На российском телевидении выходили и более тревожные репортажи, в которых говорилось о наличии угрозы России со стороны Америки. В ходе недавних общенациональных учений граждан призывали заранее узнать местонахождение ближайшего бомбоубежища.
“Я больше не смотрю телевизор”, – говорит мне Светлана, пренебрежительно кивая в сторону устройства модели 1990-х годов в центре комнаты.
“Мы столько всего помним, что они думают, будто нас легко испугать, – продолжает она. – Думаю, что они хотят напомнить нам, какой ужасной однажды была наша жизнь и какой ужасной она может быть снова. Чтобы мы подумали: “Хм, наверное, сейчас у нас все хорошо”.
Телевидение – мощный инструмент влияния в этой стране. За 16 лет пребывания у власти Владимир Путин установил контроль над всеми основными каналами.
Согласно недавнему опросу, 88% россиян считают телевизионные программы главным источником новостей. Самое смешное в том, что при этом 31% респондентов совершенно не доверяют этим сообщениям.

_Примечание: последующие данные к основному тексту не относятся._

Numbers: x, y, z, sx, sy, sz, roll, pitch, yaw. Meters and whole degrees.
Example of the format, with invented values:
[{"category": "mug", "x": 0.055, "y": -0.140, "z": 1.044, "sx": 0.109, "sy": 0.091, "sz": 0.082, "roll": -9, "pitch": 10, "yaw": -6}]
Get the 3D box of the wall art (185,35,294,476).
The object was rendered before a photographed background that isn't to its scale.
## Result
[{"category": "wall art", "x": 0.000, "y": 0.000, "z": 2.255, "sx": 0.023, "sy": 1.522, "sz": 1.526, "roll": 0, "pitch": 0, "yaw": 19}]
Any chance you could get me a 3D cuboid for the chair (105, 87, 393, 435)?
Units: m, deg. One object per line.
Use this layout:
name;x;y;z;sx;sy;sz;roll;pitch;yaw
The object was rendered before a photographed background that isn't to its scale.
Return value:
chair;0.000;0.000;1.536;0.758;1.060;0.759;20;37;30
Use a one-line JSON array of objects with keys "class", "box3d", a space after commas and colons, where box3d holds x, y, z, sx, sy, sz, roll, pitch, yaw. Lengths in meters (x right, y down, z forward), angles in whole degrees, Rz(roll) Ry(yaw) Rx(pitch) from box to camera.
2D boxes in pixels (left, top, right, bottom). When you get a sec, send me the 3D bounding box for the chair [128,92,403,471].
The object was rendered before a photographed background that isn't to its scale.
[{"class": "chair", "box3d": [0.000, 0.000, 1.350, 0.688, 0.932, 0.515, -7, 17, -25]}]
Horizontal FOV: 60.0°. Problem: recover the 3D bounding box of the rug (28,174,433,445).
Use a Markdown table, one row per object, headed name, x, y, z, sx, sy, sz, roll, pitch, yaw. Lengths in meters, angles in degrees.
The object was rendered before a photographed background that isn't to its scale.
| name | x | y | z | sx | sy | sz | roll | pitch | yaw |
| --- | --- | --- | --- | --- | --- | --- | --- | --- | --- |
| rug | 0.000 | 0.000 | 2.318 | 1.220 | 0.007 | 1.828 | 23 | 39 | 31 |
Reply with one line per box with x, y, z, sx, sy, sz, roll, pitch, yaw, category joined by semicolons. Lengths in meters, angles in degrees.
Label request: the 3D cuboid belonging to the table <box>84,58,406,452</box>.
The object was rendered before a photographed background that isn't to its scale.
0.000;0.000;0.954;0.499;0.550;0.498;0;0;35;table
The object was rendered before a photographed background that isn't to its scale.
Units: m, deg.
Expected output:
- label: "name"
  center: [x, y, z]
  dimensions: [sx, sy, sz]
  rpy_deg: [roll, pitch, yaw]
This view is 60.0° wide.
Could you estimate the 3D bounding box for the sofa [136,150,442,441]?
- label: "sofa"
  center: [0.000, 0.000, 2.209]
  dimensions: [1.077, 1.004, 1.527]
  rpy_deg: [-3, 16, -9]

Это означает, что примерно каждый пятый россиянин предпочитает смотреть новости по телевизору, одновременно считая эти новости ложью. Как это объяснить?

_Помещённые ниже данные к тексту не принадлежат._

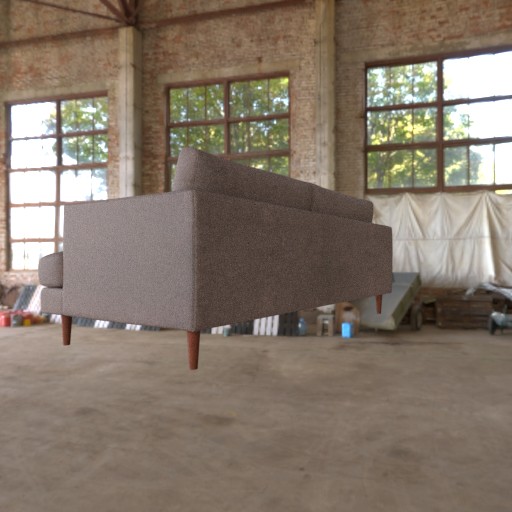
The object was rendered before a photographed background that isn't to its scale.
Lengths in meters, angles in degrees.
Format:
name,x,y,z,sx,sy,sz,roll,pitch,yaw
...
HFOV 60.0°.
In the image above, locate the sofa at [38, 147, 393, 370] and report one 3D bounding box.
name,x,y,z,sx,sy,sz,roll,pitch,yaw
sofa,0.000,0.000,2.766,1.020,0.868,2.250,0,-1,35
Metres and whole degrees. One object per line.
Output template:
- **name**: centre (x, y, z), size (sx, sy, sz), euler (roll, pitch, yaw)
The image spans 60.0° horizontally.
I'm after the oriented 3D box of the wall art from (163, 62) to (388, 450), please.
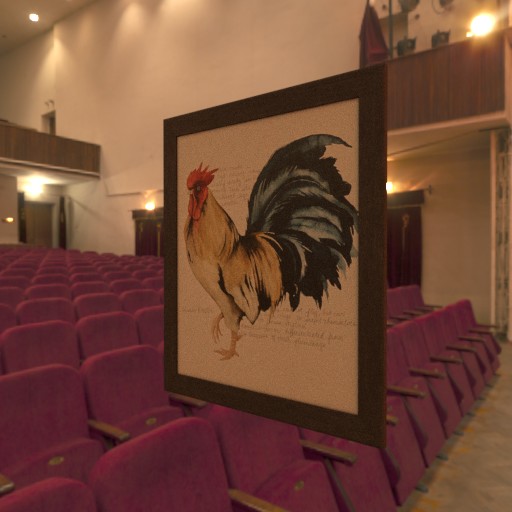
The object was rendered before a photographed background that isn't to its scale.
- **wall art**: centre (0.000, 0.000, 0.797), size (0.476, 0.570, 0.013), euler (0, 1, 36)
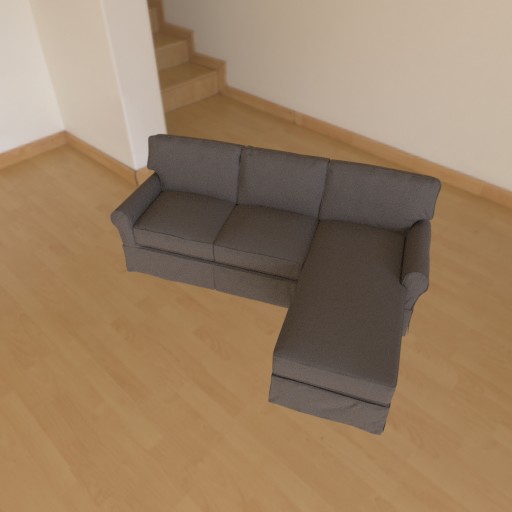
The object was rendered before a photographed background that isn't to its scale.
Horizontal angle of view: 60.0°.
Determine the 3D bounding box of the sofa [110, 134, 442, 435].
[{"bbox_3d":[0.000,0.000,3.329,2.475,0.978,1.733,12,43,13],"label":"sofa"}]
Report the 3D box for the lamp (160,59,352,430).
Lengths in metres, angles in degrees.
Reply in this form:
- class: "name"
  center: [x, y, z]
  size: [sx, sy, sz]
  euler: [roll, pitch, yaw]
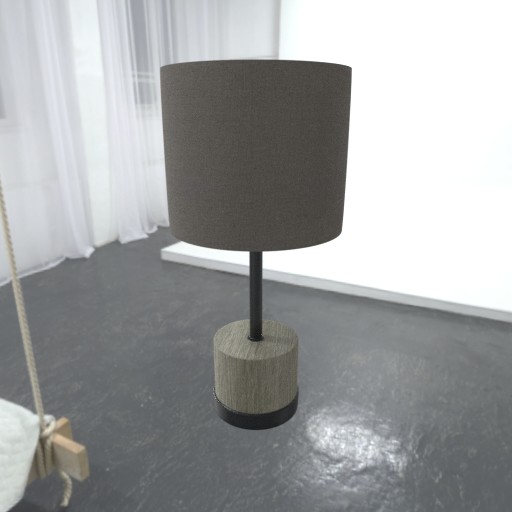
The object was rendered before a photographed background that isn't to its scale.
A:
- class: "lamp"
  center: [0.000, 0.000, 0.605]
  size: [0.229, 0.470, 0.229]
  euler: [2, 18, 7]

Один ответ на этот вопрос я нашел в здании советского Центрального телеграфа на Тверской улице в Москве. Это здание я тоже помню со студенчества – помню, как телеграфный служащий, с подозрением глядя на меня, переводил звонок за границу с центрального аппарата в небольшую деревянную кабинку.
Сейчас здесь находится студия “Царьград ТВ”, религиозного канала, транслирующего позицию Русской православной церкви на всю страну и за ее пределы.

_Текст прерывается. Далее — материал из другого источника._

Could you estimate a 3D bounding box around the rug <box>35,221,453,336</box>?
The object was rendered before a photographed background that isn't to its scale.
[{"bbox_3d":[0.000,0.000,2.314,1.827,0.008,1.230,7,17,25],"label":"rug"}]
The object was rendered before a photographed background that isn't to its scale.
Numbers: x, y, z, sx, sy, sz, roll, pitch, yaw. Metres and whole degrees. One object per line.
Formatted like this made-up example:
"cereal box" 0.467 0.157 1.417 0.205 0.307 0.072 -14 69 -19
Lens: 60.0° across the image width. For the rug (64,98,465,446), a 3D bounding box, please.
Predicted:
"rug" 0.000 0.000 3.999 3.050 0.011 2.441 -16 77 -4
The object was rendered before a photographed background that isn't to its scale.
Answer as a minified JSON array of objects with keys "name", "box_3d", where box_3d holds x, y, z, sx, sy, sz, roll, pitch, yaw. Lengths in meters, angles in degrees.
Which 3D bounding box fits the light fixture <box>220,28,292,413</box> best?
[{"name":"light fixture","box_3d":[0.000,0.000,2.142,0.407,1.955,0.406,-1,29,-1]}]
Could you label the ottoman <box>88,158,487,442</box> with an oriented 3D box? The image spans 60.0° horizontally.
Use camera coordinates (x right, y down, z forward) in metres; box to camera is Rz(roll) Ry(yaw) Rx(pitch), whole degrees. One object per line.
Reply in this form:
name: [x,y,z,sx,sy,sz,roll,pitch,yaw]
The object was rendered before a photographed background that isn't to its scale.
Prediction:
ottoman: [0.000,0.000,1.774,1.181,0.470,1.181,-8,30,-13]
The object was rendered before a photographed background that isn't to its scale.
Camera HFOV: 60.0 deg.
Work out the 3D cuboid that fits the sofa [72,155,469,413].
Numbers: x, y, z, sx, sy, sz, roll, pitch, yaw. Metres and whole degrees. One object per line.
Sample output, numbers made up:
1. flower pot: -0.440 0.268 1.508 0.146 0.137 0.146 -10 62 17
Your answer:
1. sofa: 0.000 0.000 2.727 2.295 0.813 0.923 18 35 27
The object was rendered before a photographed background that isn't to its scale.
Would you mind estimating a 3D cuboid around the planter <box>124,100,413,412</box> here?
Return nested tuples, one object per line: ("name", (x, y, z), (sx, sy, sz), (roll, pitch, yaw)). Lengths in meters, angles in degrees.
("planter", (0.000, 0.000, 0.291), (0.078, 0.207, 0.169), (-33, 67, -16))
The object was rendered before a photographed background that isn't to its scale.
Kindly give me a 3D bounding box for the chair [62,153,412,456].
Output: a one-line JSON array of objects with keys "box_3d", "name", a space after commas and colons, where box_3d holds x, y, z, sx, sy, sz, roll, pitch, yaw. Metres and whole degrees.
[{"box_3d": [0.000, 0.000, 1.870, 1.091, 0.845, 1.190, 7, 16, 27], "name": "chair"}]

Я встречаюсь с его главным редактором Александром Дугиным – человеком с длинной седой бородой, в вельветовом костюме, хорошо знающим английский и французский языки, а также концепции западных философских движений с Эпохи Просвещения до постмодернизма.
“Все относительно, – говорит он мне. – Мы в России с помощью постмодерна можем объяснить Западу, что любая истина относительна, и у нас есть наша особенная, русская истина, которую вам необходимо принять”.
Оруэлловская логика, которой придерживается Дугин, довольно популярна в кремлевских кругах, хотя, возможно, и не в народе.
Другая высокообразованная россиянка – Екатерина Шульман – высказывает иную версию.
“Люди не ищут новости как таковые, – говорит она. – Они пытаются расшифровать систему сигналов – кто в эфире сегодня, а кто был вчера, каковы интонации, выбор слов. Очень важно все это понимать, потому что, если вы зависимы от государства, это помогает вам выжить”.
Так что россияне внимательно прислушиваются к тому, что думает руководство страны. Даже дети.
Я пошел в гости к старым друзьям – семейной паре, живущей в современной московской квартире, хотя и снова в советском многоквартирном доме. Вместо запаха теплой пыли и кошачьей шерсти меня встречает аромат техасских бургеров-барбекю, которые они заказали из соседнего кафе.
Сидя на кухне за ужином, мы заговорили о том, как аннексия Крыма разделила многие семьи. А потом они вспомнили, как их девятилетний сын недавно сказал маме: “Ты знаешь, папа не прав, когда говорит плохие вещи про Путина”.
Откуда он это взял? Вряд ли из школы, как они думают, – там такого обычно не говорят. К тому же они следят за тем, что их дети смотрят по телевизору.
Так откуда же? Они так и не смогли понять. Кажется, что Кремль везде, и его влияние проникает повсюду неведомыми путями.